The drawings show an embodiment of the present invention; FIG. 1 is an explanatory diagram of the overall configuration, FIG. 2 is an overall schematic diagram, FIG. 3 is an explanatory diagram showing the intake stroke of the first and second cylinders, and FIG. 4 is an illustration of the main structure. 3 is a graph showing output torque characteristics according to the invention. 1A...1st cylinder, 1B...2nd cylinder, 2...
Rotor housing, 2a...Two-section trochoidal inner peripheral surface, 3...Intake port for low load, 4...Intake port for high load, 5...Side housing, 6...
Casing, 7...Rotor, 8...Eccentric shaft, 9...Working chamber, 16...Main intake passage, 20...Main low load intake passage, 20a...First low load intake passage, 20b... Second low load intake passage, 21... Main high load intake passage, 21a...
...First intake passage for high load, 21b... Second intake passage for high load, 22... Throttle valve for low load, 23...

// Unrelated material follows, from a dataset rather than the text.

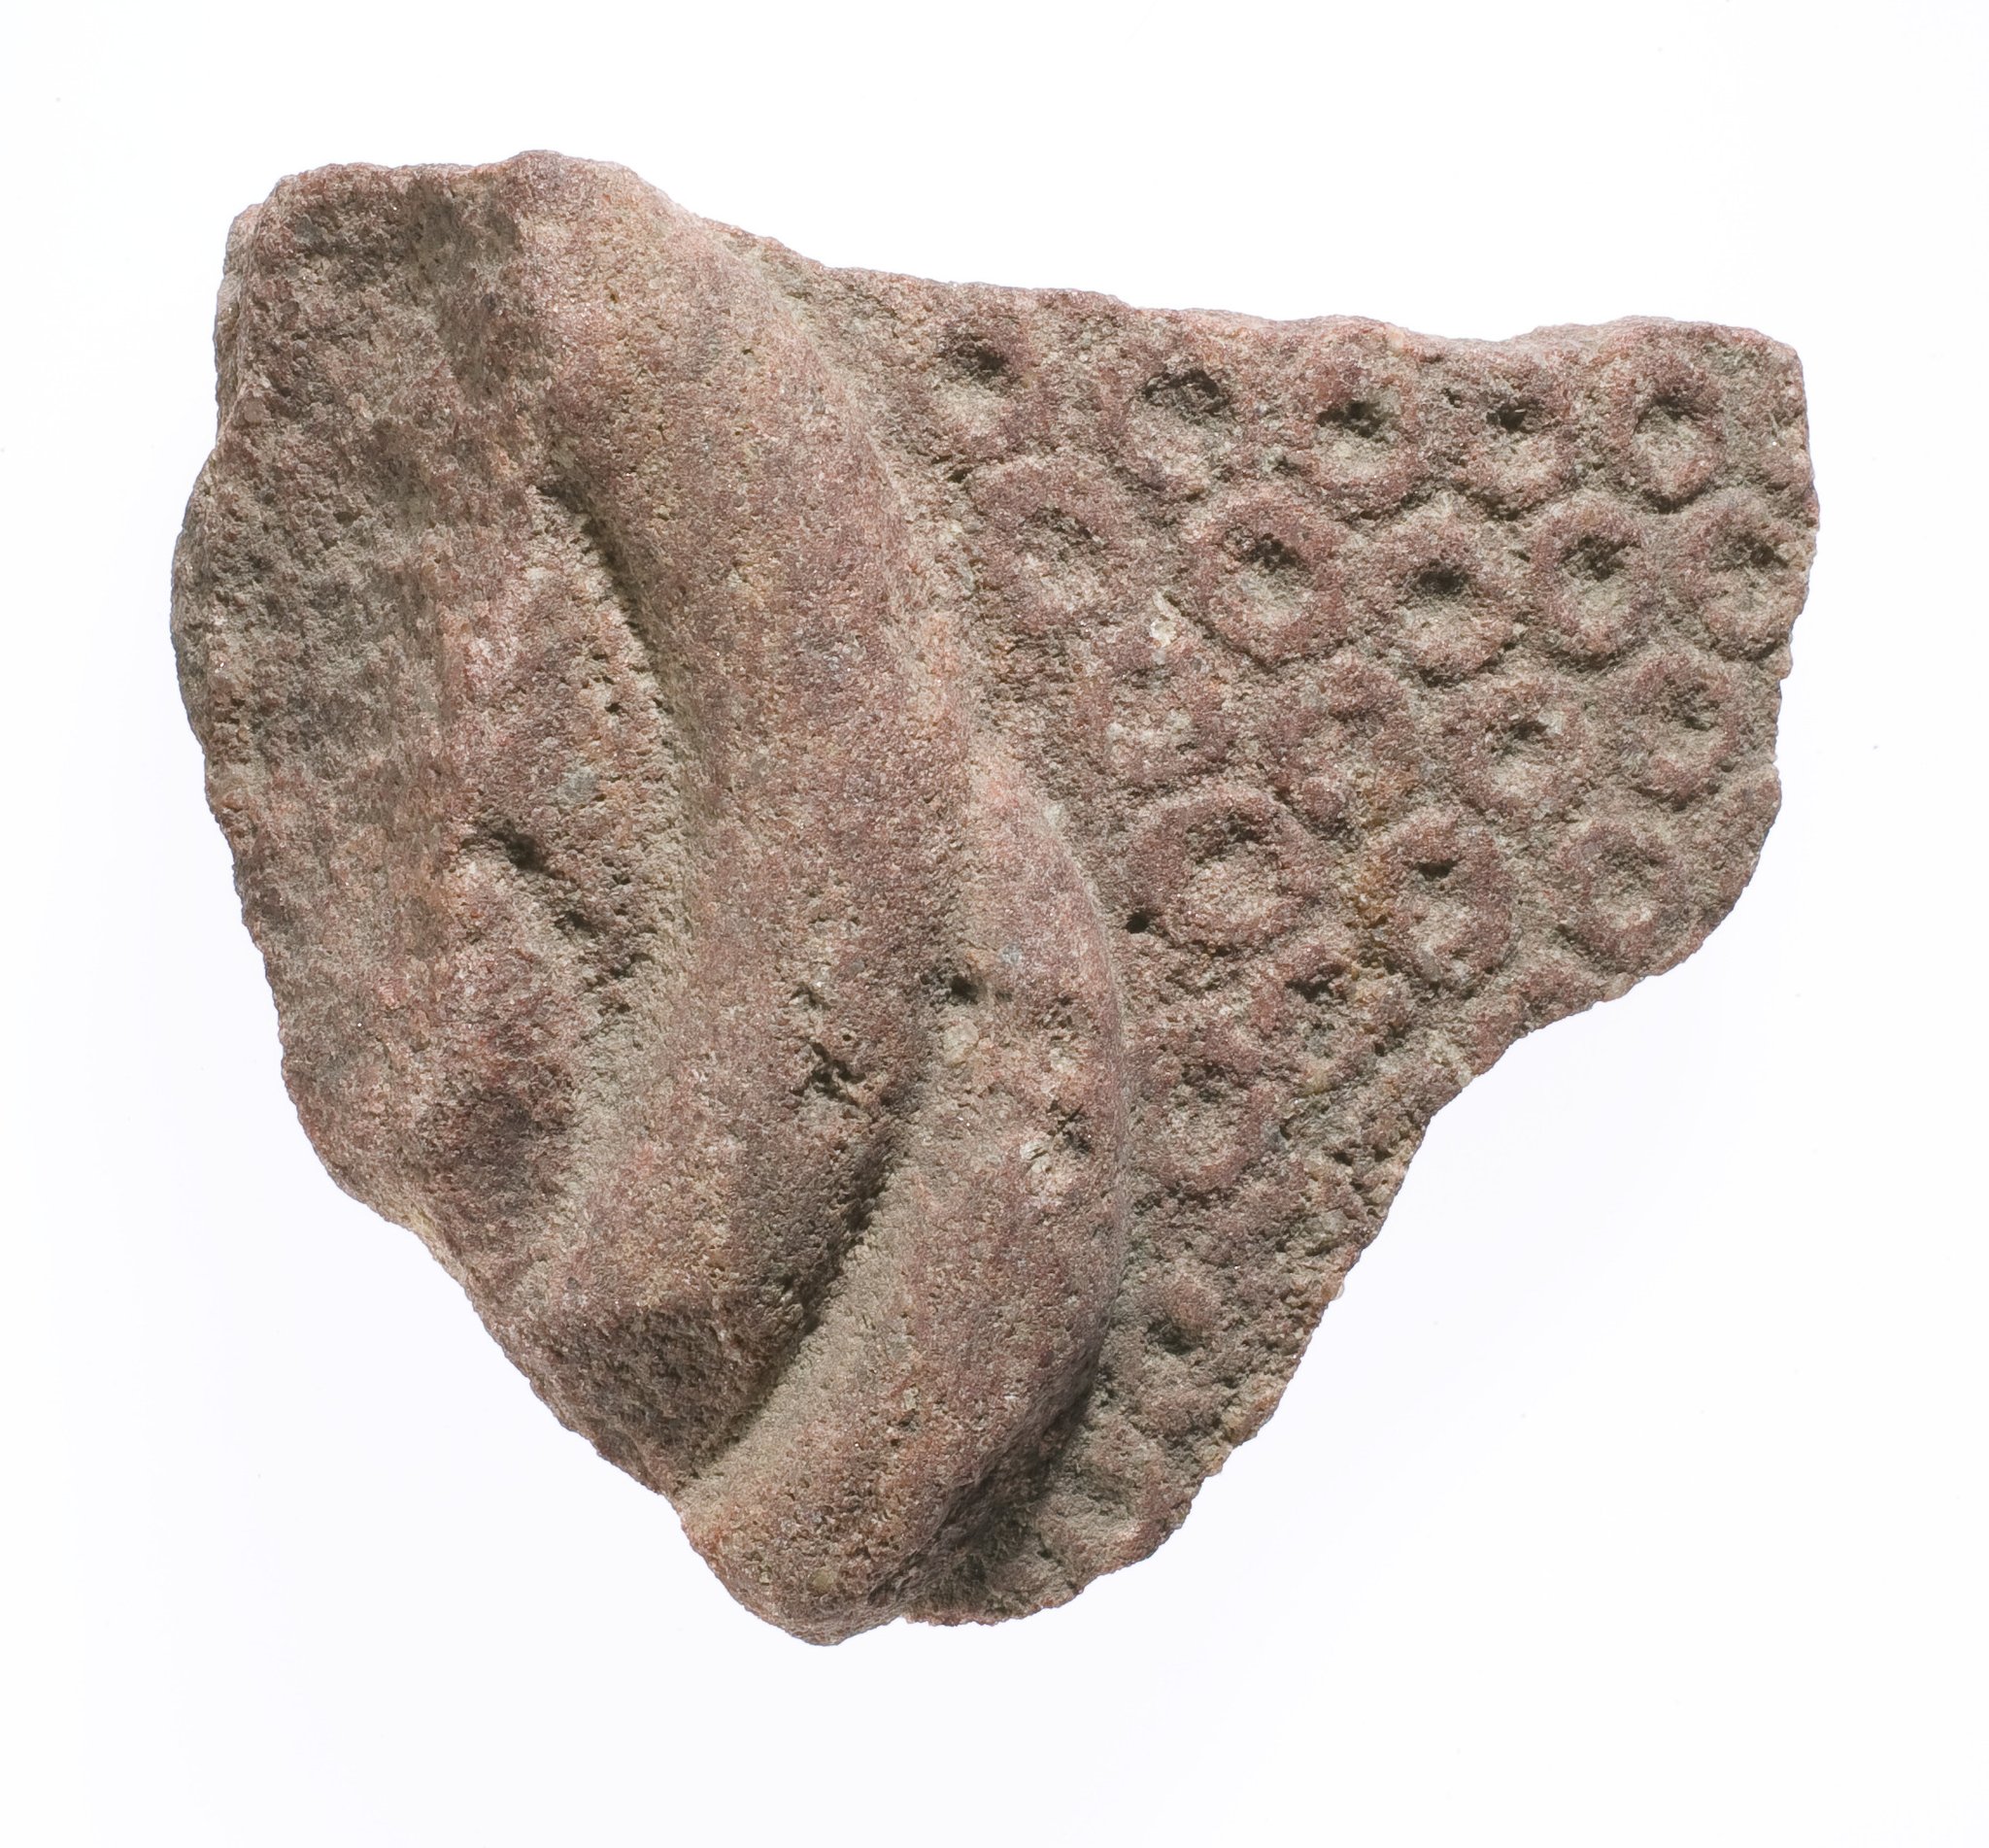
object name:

High-load throttle valve, 25... communication passage, 27... communication passage.

Claims (1)

[Scope of Claims] 1. Approximately triangular rotors each disposed within a casing formed of a rotor housing having a two-bar trochoidal inner circumferential surface and side housings located on both sides of the rotor housing have eccentric shafts. The shaft is supported by the shaft and rotates planetarily with a phase difference of 180 degrees at the rotation angle of the shaft, and a low-load intake passage and a high-load intake passage are independently provided in each side housing. In a two-cylinder rotary piston engine in which a high-load intake port opens into the working chamber, a) the opening period of the high-load intake port is set in the range of 270 to 320 degrees in rotation angle of the eccentric shaft; b. Set the opening period of the load intake port in the range of 230 to 290 degrees in rotation angle of the eccentric shaft, c. Connect the low-load intake passages and high-load intake passages of each cylinder downstream of the throttle valve. communicating through a passage; d; when the engine is running at high speed, when the passage length between the intake ports of both cylinders formed by one of the communication passages and the intake passage downstream thereof is set between 5000 and 7000 rpm; setting so that the compression wave generated in the intake passage when the intake port of the cylinder is closed is propagated through the communication passage to the intake port of the other cylinder just before it is fully closed, e. The length of the passage between the intake ports of both cylinders formed by the intake passage of
When the engine rotates at a medium speed of 5000 rpm, the compression wave generated in the intake passage when the intake port of one cylinder is opened is set so as to be propagated through the communication passage to the intake port of the other cylinder just before it is fully closed. Therefore, an intake system for a rotary piston engine is characterized in that supercharging is performed by compression waves propagated to the low-load and high-load intake ports of each cylinder immediately before they are fully closed.